-- Opening Marker --

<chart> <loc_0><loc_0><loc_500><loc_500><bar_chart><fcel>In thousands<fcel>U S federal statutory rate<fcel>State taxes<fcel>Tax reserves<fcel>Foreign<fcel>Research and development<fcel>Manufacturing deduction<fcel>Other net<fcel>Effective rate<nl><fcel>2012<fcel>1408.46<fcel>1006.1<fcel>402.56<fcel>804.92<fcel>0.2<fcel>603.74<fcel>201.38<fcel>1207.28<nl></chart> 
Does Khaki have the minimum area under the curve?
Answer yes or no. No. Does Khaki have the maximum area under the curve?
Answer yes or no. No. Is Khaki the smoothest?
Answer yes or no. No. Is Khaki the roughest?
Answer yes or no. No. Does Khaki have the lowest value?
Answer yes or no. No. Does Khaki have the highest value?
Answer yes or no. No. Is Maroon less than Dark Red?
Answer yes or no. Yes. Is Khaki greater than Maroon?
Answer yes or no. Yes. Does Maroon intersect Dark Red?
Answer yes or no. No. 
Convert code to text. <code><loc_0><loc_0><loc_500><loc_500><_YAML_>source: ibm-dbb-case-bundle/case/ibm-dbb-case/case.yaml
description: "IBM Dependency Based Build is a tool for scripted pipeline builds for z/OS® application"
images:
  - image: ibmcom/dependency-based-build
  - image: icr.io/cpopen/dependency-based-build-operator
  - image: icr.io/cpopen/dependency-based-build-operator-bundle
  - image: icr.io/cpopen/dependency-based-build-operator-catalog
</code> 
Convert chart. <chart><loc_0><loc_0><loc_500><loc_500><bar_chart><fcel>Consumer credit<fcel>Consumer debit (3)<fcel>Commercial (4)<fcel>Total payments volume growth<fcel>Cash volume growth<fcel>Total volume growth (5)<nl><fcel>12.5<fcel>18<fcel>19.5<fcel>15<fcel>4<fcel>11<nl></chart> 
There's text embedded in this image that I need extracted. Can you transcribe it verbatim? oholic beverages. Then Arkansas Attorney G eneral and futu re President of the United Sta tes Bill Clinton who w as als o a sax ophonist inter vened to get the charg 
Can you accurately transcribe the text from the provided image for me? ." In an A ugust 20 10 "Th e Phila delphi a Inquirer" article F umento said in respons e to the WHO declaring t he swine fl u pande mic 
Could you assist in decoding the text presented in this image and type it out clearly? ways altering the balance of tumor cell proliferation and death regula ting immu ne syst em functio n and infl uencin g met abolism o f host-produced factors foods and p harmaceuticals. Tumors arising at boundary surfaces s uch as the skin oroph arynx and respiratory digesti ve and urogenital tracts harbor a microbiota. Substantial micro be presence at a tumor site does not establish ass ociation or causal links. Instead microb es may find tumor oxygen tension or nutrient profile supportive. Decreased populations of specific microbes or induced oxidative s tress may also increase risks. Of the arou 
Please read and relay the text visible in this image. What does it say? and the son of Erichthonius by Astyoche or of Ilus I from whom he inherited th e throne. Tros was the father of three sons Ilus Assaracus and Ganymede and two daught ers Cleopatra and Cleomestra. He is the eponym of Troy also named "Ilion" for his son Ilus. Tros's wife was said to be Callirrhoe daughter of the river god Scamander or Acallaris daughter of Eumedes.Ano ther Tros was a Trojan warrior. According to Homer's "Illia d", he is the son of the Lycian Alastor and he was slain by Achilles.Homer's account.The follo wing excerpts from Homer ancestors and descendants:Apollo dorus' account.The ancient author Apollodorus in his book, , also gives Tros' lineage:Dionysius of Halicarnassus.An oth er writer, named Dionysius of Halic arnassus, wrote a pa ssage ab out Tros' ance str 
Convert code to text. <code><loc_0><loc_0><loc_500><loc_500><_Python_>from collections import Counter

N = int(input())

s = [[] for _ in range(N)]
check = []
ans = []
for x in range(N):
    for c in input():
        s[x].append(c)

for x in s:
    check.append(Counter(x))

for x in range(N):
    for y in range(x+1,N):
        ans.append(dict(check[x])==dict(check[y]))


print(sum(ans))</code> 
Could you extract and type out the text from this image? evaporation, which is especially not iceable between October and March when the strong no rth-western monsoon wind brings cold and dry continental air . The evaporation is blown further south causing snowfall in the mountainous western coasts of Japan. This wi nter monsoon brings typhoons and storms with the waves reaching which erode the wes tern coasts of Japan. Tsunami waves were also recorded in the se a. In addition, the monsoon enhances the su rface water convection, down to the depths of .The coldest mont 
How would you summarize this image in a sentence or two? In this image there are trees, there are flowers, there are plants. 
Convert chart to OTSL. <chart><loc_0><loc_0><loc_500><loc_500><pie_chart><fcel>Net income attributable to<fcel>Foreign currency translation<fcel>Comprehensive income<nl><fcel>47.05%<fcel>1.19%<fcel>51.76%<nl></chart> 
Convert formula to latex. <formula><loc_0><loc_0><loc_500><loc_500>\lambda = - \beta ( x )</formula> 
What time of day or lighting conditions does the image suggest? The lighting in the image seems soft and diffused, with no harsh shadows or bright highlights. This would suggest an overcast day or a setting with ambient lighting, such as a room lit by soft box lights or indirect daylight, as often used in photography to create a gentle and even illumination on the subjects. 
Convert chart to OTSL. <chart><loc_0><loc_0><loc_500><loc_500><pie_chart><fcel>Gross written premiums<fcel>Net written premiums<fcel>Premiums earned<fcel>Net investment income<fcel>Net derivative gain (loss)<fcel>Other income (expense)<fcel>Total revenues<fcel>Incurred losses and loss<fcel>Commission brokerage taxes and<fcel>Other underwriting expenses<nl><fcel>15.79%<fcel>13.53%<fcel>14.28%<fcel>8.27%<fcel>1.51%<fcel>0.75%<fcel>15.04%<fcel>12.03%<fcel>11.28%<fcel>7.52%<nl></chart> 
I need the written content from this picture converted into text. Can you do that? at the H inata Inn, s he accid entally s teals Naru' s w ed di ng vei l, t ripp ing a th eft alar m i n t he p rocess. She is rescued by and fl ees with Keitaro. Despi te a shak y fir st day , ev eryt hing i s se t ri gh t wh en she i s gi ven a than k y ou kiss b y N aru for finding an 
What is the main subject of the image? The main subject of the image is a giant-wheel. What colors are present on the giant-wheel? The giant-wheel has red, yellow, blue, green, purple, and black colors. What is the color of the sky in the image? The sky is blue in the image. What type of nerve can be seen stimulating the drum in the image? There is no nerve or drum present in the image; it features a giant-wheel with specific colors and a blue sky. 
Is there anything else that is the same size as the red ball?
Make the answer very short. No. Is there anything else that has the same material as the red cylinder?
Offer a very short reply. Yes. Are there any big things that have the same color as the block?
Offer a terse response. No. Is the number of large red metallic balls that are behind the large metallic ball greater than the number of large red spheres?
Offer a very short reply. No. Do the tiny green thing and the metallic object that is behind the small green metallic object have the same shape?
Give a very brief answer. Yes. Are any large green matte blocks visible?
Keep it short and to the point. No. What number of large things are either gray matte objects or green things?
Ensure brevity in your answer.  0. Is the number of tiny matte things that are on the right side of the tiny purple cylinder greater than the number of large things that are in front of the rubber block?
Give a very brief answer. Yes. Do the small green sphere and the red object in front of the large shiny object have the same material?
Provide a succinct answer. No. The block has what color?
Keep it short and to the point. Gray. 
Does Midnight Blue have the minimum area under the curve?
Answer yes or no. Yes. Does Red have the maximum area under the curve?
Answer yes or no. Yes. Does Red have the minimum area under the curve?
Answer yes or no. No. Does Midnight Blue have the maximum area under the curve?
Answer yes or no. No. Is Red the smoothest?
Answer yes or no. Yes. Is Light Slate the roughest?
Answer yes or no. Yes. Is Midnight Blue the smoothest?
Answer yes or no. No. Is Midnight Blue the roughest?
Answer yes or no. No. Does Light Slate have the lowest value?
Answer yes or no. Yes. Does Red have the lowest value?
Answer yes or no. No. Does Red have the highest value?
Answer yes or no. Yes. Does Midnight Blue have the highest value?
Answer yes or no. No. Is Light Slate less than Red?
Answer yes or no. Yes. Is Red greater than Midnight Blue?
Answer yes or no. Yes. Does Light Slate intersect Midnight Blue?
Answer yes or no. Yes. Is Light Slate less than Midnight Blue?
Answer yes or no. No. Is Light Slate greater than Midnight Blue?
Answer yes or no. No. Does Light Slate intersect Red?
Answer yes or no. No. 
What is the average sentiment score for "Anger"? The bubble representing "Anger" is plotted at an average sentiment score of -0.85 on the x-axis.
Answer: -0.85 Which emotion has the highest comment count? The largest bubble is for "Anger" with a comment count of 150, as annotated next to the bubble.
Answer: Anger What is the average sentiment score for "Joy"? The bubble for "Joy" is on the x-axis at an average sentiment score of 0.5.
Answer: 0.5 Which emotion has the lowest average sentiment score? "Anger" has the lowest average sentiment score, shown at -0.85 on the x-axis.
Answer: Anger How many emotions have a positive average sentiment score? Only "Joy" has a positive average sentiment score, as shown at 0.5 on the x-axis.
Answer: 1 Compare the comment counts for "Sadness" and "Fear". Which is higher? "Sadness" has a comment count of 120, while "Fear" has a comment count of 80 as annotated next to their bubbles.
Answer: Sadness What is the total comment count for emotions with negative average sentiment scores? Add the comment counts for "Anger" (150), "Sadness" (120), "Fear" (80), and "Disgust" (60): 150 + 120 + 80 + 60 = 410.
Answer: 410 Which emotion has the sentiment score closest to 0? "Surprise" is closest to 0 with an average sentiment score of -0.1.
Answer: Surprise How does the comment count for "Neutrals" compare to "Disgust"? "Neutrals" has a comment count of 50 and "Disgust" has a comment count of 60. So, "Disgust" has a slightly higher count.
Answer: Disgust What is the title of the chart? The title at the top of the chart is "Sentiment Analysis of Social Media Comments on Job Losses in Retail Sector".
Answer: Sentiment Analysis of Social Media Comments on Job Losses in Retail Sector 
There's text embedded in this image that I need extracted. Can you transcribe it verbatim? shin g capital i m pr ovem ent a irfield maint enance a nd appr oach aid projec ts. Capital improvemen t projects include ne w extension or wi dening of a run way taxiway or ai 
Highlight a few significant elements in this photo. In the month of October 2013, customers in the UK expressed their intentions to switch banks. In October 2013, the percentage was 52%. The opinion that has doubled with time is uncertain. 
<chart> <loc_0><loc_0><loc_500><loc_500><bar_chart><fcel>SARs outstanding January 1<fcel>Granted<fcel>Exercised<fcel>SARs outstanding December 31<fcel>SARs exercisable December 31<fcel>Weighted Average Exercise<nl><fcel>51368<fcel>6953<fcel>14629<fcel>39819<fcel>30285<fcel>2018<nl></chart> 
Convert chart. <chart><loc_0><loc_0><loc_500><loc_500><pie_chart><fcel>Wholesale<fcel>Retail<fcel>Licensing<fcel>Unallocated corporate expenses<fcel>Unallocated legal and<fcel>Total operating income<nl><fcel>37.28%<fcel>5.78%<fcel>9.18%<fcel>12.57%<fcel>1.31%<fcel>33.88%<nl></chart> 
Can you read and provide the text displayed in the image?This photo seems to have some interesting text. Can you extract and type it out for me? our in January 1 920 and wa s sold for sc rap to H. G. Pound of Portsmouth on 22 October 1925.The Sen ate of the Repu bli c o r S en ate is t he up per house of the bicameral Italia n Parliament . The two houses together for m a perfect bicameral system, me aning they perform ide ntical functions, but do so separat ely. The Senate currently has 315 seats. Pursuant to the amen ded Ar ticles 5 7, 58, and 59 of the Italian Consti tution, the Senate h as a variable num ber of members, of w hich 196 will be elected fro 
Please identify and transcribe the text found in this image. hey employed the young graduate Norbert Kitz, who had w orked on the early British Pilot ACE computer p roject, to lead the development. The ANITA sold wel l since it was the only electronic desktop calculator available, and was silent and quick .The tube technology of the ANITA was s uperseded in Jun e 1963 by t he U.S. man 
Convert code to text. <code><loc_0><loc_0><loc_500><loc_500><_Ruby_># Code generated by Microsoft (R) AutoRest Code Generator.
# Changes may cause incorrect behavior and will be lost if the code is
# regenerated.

-- Closing Marker --

Start at the line containing "Please identify and" and print each line exactly until the listing ends, keeping the final line too.

| Exercise answer |
Please identify and transcribe the text found in this image. hey employed the young graduate Norbert Kitz, who had w orked on the early British Pilot ACE computer p roject, to lead the development. The ANITA sold wel l since it was the only electronic desktop calculator available, and was silent and quick .The tube technology of the ANITA was s uperseded in Jun e 1963 by t he U.S. man 
Convert code to text. <code><loc_0><loc_0><loc_500><loc_500><_Ruby_># Code generated by Microsoft (R) AutoRest Code Generator.
# Changes may cause incorrect behavior and will be lost if the code is
# regenerated.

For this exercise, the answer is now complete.